README
¶
LexicMap: efficient sequence alignment against millions of prokaryotic genomes
LexicMap is a nucleotide sequence pseudo-alignment tool for efficiently querying gene, plasmid, viral, or long-read sequences against up to millions of prokaryotic genomes.
Motivation: Alignment against a database of genomes is a fundamental operation in bioinformatics, popularised by BLAST. However, given the increasing rate at which genomes are sequenced, existing tools struggle to scale. Current tools either attempt full alignment but face challenges of high memory consumption and slow speeds, or they fall back on k-mer indexing, without information of where matches occur in the genome.
Results: In LexicMap, a modified version of the sequence sketching method LexicHash is adopted to compute alignment seeds. A multi-level index enables fast and low-memory variable-length seed matching and pseudo-alignment on a single server at the scale of millions of genomes (see algorithm overview), successfully indexing and searching both RefSeq+GenBank, and the AllTheBacteria datasets (2.3 and 1.9 million genomes respectively). Running at this scale has previously only been achieved by Phylign (previously called mof-search).
For example, querying a 52.8-kb plasmid in all 2,340,672 Genbank+Refseq prokaryotic genomes takes only 4 minutes and 8 seconds with 15 GB RAM and 48 CPUs, with 494,860 genome hits returned.
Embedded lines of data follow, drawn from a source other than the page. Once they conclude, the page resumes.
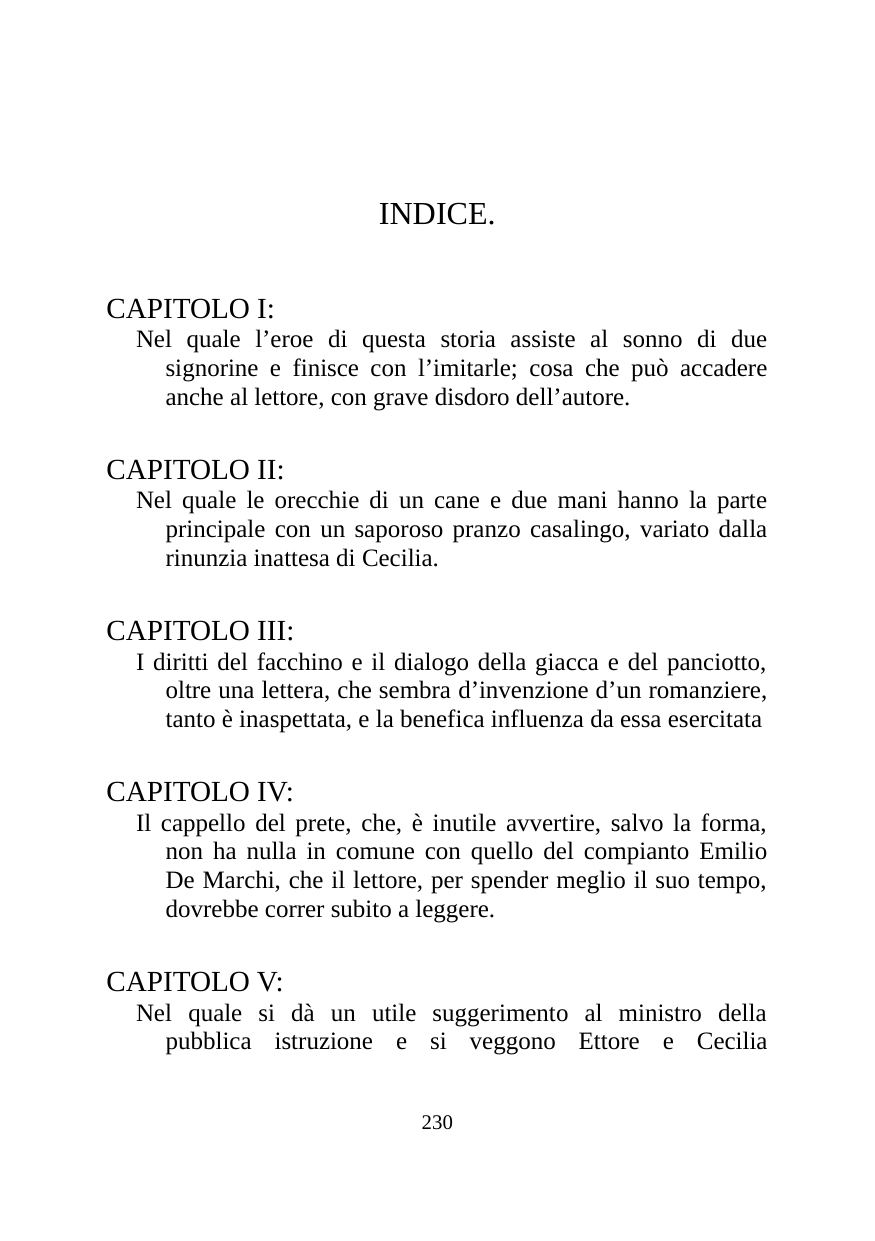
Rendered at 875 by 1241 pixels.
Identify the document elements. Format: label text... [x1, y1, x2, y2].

text I diritti del facchino e il dialogo della giacca e del panciotto, oltre una lettera, che sembra d’invenzione d’un romanziere, tanto è inaspettata, e la benefica influenza da essa esercitata [136, 647, 768, 733]
text CAPITOLO II: [106, 452, 768, 485]
subtitle INDICE. [106, 195, 768, 232]
text Nel quale le orecchie di un cane e due mani hanno la parte principale con un saporoso pranzo casalingo, variato dalla rinunzia inattesa di Cecilia. [136, 485, 768, 572]
text Nel quale l’eroe di questa storia assiste al sonno di due signorine e finisce con l’imitarle; cosa che può accadere anche al lettore, con grave disdoro dell’autore. [136, 324, 768, 411]
text Il cappello del prete, che, è inutile avvertire, salvo la forma, non ha nulla in comune con quello del compianto Emilio De Marchi, che il lettore, per spender meglio il suo tempo, dovrebbe correr subito a leggere. [136, 808, 768, 923]
text CAPITOLO III: [106, 613, 768, 647]
text CAPITOLO I: [106, 291, 768, 324]
text CAPITOLO IV: [106, 774, 768, 808]
text CAPITOLO V: [106, 964, 768, 998]
text Nel quale si dà un utile suggerimento al ministro della pubblica istruzione e si veggono Ettore e Cecilia [136, 998, 768, 1055]
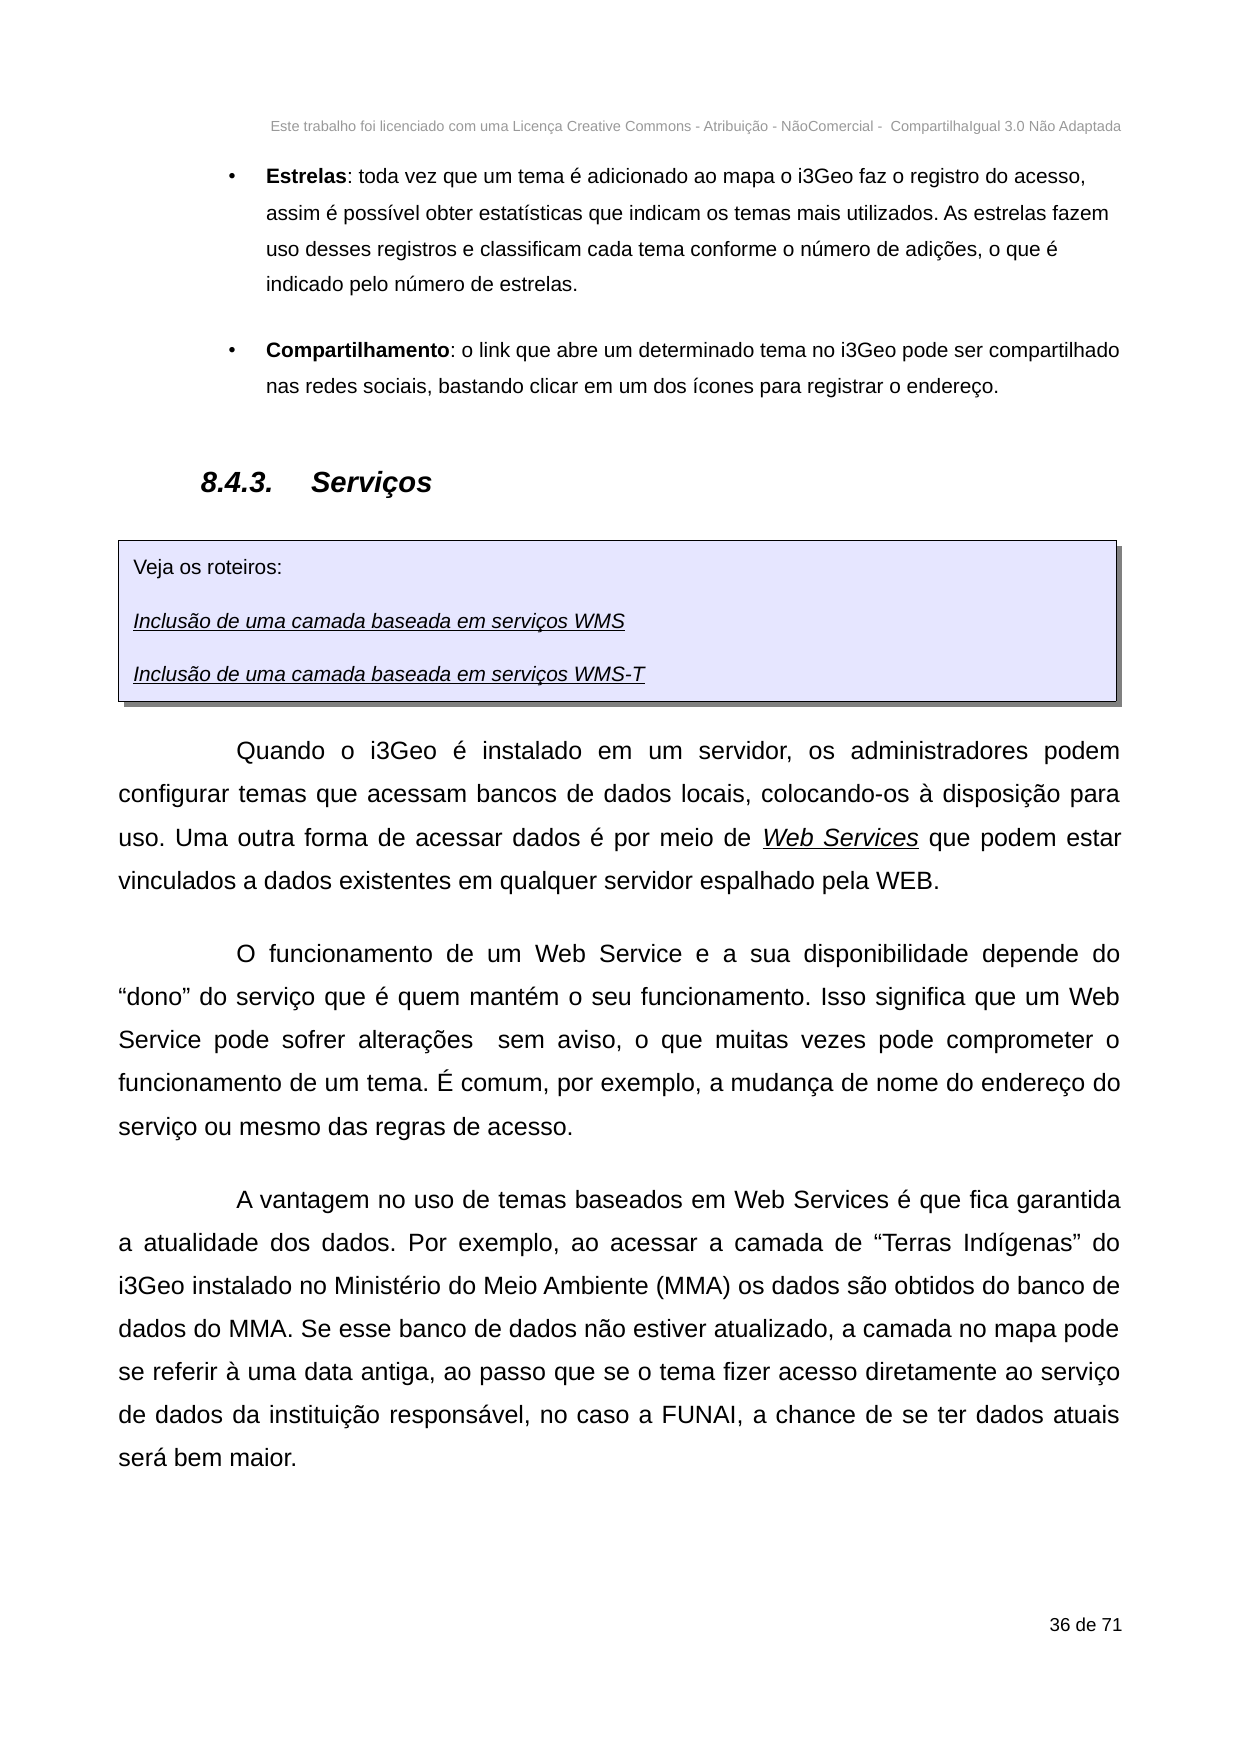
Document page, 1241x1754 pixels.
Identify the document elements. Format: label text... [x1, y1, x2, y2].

list Estrelas: toda vez que um tema é adicionado ao mapa o i3Geo faz o registro do acesso, assim é possível obter estatísticas que indicam os temas mais utilizados. As estrelas fazem uso desses registros e classificam cada tema conforme o número de adições, o que é indicado pelo número de estrelas. [228, 164, 1122, 296]
text Veja os roteiros: [119, 541, 1116, 579]
text O funcionamento de um Web Service e a sua disponibilidade depende do “dono” do serviço que é quem mantém o seu funcionamento. Isso significa que um Web Service pode sofrer alterações sem aviso, o que muitas vezes pode comprometer o funcionamento de um tema. É comum, por exemplo, a mudança de nome do endereço do serviço ou mesmo das regras de acesso. [118, 939, 1122, 1140]
subtitle Serviços [163, 465, 1122, 499]
text Quando o i3Geo é instalado em um servidor, os administradores podem configurar temas que acessam bancos de dados locais, colocando-os à disposição para uso. Uma outra forma de acessar dados é por meio de Web Services que podem estar vinculados a dados existentes em qualquer servidor espalhado pela WEB. [118, 736, 1122, 894]
list Compartilhamento: o link que abre um determinado tema no i3Geo pode ser compartilhado nas redes sociais, bastando clicar em um dos ícones para registrar o endereço. [228, 338, 1122, 398]
text A vantagem no uso de temas baseados em Web Services é que fica garantida a atualidade dos dados. Por exemplo, ao acessar a camada de “Terras Indígenas” do i3Geo instalado no Ministério do Meio Ambiente (MMA) os dados são obtidos do banco de dados do MMA. Se esse banco de dados não estiver atualizado, a camada no mapa pode se referir à uma data antiga, ao passo que se o tema fizer acesso diretamente ao serviço de dados da instituição responsável, no caso a FUNAI, a chance de se ter dados atuais será bem maior. [118, 1185, 1122, 1472]
text Inclusão de uma camada baseada em serviços WMS-T [119, 647, 1116, 701]
text Inclusão de uma camada baseada em serviços WMS [119, 594, 1116, 633]

In contrast, BLASTN is unable to run with the same dataset on common servers because it requires >2000 GB RAM. See performance.
LexicMap is easy to install (a binary file with no dependencies) and use (tutorials and usages).
More documents: http://bioinf.shenwei.me/LexicMap.
Quick start
Building an index (see the tutorial of building an index).
# From a directory with multiple genome files
lexicmap index -I genomes/ -O db.lmi
# From a file list with one file per line
lexicmap index -X files.txt -O db.lmi
Querying (see the tutorial of searching).
# For short queries like genes or long reads, returning top N hits.
lexicmap search -d db.lmi query.fasta -o query.fasta.lexicmap.tsv \
--min-match-pident 50 --min-qcov-per-genome 70 --min-qcov-per-hsp 70 --top-n-genomes 1000
# For longer queries like plasmids, returning all hits.
lexicmap search -d db.lmi query.fasta -o query.fasta.lexicmap.tsv \
--min-match-pident 50 --min-qcov-per-genome 0 --min-qcov-per-hsp 0 --top-n-genomes 0
# Extracting similar sequences for a query gene.
# search matches with query cover >= 90%
lexicmap search -d gtdb_complete.lmi/ b.gene_E_faecalis_SecY.fasta --all -o results.tsv \
--min-qcov-per-hsp 90
# extract matched sequences as FASTA format
sed 1d results.tsv | awk '{print ">"$5":"$13"-"$14":"$15"\n"$19;}' > results.fasta
Sample output (queries are a few Nanopore Q20 reads). See output format details.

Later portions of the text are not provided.